Les annulations « de précaution » par le voyageur alors que le voyage pouvait être exécuté ne donnent en principe pas lieu à remboursement mais à application des conditions d’annulation telles que prévues aux conditions générales du vendeur.

Le voyageur peut-il refuser l’avoir ?

Dès lors que le professionnel a choisi de bénéficier du dispositif dérogatoire de l’avoir et qu’il respecte les obligations imposées par l’ordonnance, le voyageur ne peut pas refuser l’avoir et demander un remboursement des sommes perçues.

Quelles étapes pour mettre en place l’avoir ?

Trois étapes : informer, proposer un report, utiliser l’avoir ou rembourser.

1. Informer : pour pouvoir bénéficier du régime dérogatoire de l’avoir, le professionnel doit impérativement informer le voyageur de la mise en place du dispositif sur support durable (c’est-à-dire un écrit auquel le consommateur peut se reporter, soit mail ou courrier LRAR).

Contenu de l’information obligatoire : l’information doit comporter le montant de l’avoir qui est de l’intégralité des paiements effectués au titre du contrat résolu (acompte ou totalité), la durée validité de l’avoir de 18 mois et le fait qu’une proposition de report devra être formulée dans les trois mois.

Délai pour communiquer :

– pour les contrats résolus entre le 1er mars et le 26 mars 2020 inclus : le professionnel doit informer le voyageur au plus tard le 26 avril 2020;

– pour les contrats résolus entre le 27 mars 2020 et le 15 septembre 2020 inclus : le professionnel a 30 jours à compter de la date de résolution du contrat.

2. Proposer un report : l’ordonnance impose aux professionnels qui veulent bénéficier de l’avoir de proposer une nouvelle prestation au voyageur :

Conditions de la prestation de remplacement : elle doit être identique ou équivalente à celle annulée.

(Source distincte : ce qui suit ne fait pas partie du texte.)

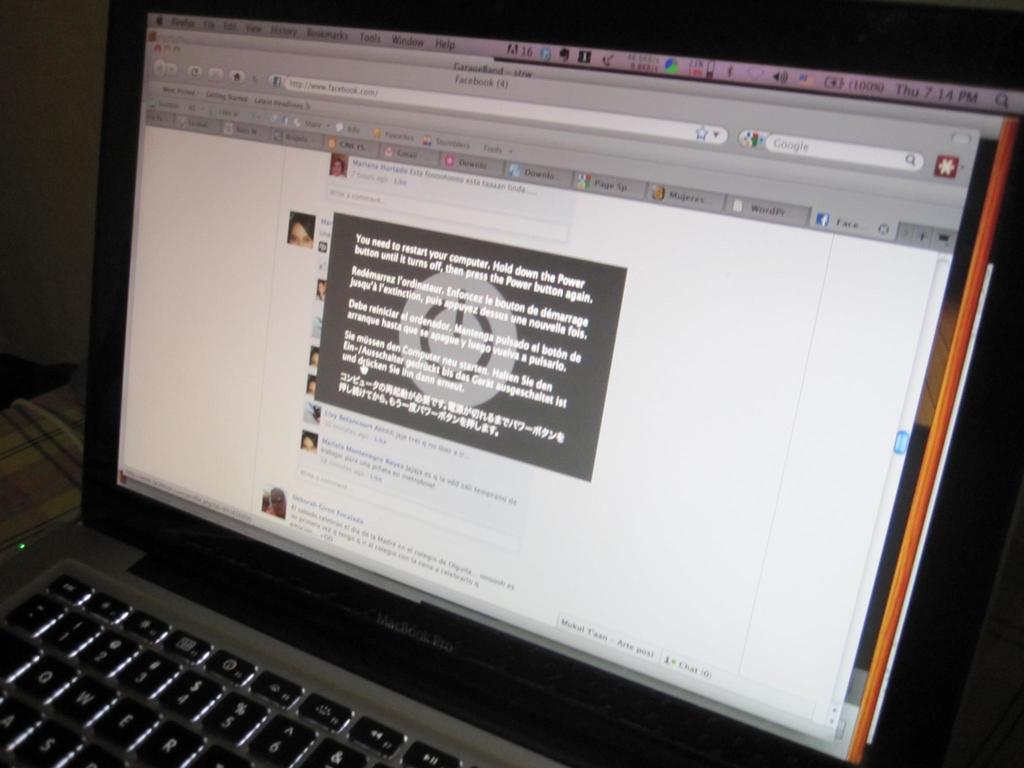What is the brand of this laptop?
Your answer should be very brief. Macbook pro. What serach bar is on the top right?
Provide a succinct answer. Google. 
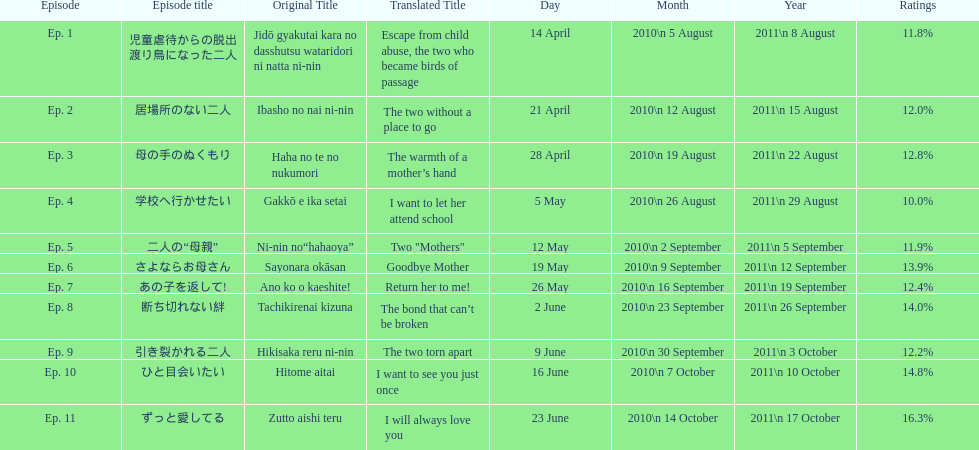How many episode total are there? 11. 
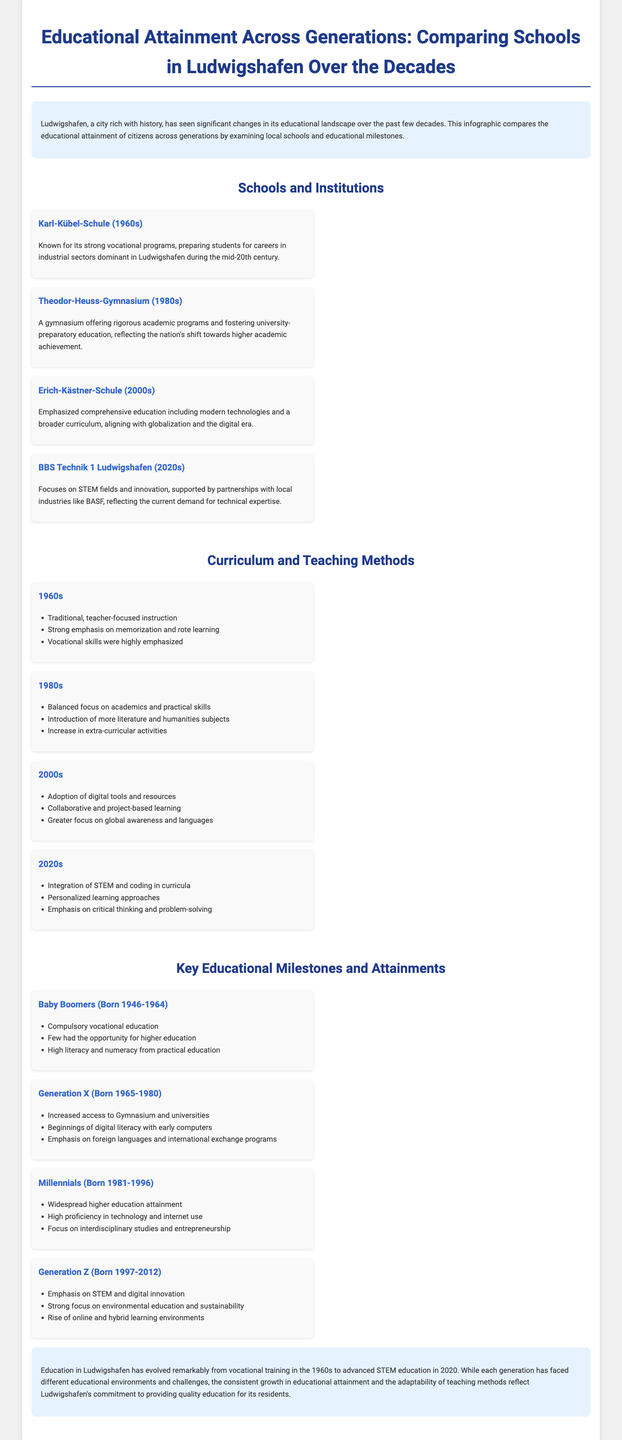what school is known for its strong vocational programs in the 1960s? The document specifically mentions Karl-Kübel-Schule as known for its strong vocational programs.
Answer: Karl-Kübel-Schule which generation saw increased access to Gymnasium and universities? The document states that Generation X had increased access to Gymnasium and universities.
Answer: Generation X what decade emphasized comprehensive education and modern technologies? The document indicates that the 2000s emphasized comprehensive education including modern technologies.
Answer: 2000s how did teaching methods change in the 2020s? The document outlines that the 2020s incorporated integration of STEM and coding in curricula, alongside personalized learning approaches.
Answer: STEM and coding what significant milestone did Baby Boomers face regarding higher education? The document mentions that few Baby Boomers had the opportunity for higher education.
Answer: Few what is the focus of BBS Technik 1 Ludwigshafen in the 2020s? According to the document, BBS Technik 1 Ludwigshafen focuses on STEM fields and innovation.
Answer: STEM fields and innovation which generation emphasized environmental education and sustainability? The document indicates that Generation Z had a strong focus on environmental education and sustainability.
Answer: Generation Z what was a key emphasis in the 1980s curriculum? The document states that the 1980s had a balanced focus on academics and practical skills.
Answer: Balanced focus on academics and practical skills 
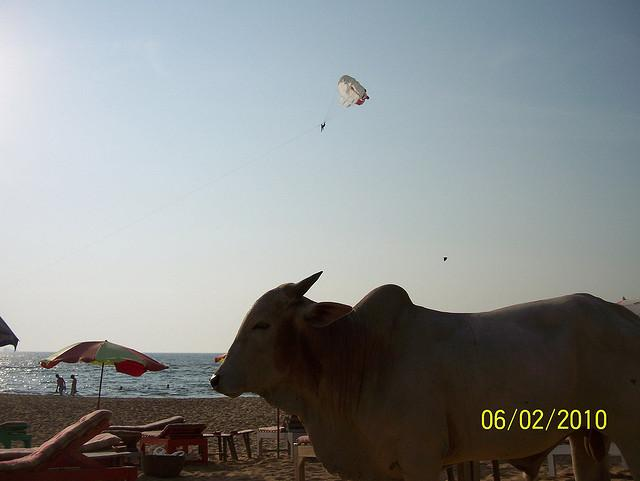What country is this beach located in?

Choices:
A) united states
B) canada
C) mexico
D) india india

Donc l’organisateur ou le détaillant pourra proposer par exemple un voyage vers la même destination mais dans un hôtel différent dès lors qu’il est de même catégorie et qu’on peut considérer qu’il propose des prestations équivalentes. Point très important, l’ordonnance n’impose pas que les dates soient identiques à celles initialement réservées.

Quant au prix, il doit être inférieur ou égal au prix du contrat résolu. Aucune majoration tarifaire ne peut donc être imposée (autres que celles prévues au contrat d’origine). C’est seulement à la demande expresse du voyageur que les professionnels pourront proposer au voyageur une prestation dont la qualité et le prix sont supérieurs à ceux du contrat résolu. Auquel cas le voyageur sera tenu de payer une somme complémentaire, couvrant la différence entre le montant de l’avoir et le prix de la nouvelle prestation.

L’ordonnance ne le précise pas mais cette proposition devra être accompagnée des modalités pratiques : délais pour accepter, utilisation de l’avoir, etc.

Délai pour proposer cette prestation : trois mois à compter de la notification de la résolution du contrat.

3. Utilisation de l’avoir dans les 18 mois ou remboursement

Acceptation de la prestation : Lorsque le client accepte la proposition de remplacement ou toute autre prestation qu’il solliciterait et utilise son avoir, cela fera l’objet d’un nouveau contrat de vente qui pourra prévoir de nouvelles conditions, notamment d’annulation en fonction des conditions qui auront été imposées en amont par les fournisseurs par exemple.

Silence ou refus du voyageur d’utiliser son avoir, alors il aura droit au remboursement des sommes versée au titre du contrat initial à l’issue du délai de validité de l’avoir de 18 mois.

Quelles sanctions pour non-respect de l’ordonnance ?

L’ordonnance ne prévoit pas expressément de sanctions en cas de violation de ses dispositions mais dès lors qu’elle met en place un régime dérogatoire, tout non-respect devrait entraîner le retour au principe du remboursement de l’ensemble des sommes versées.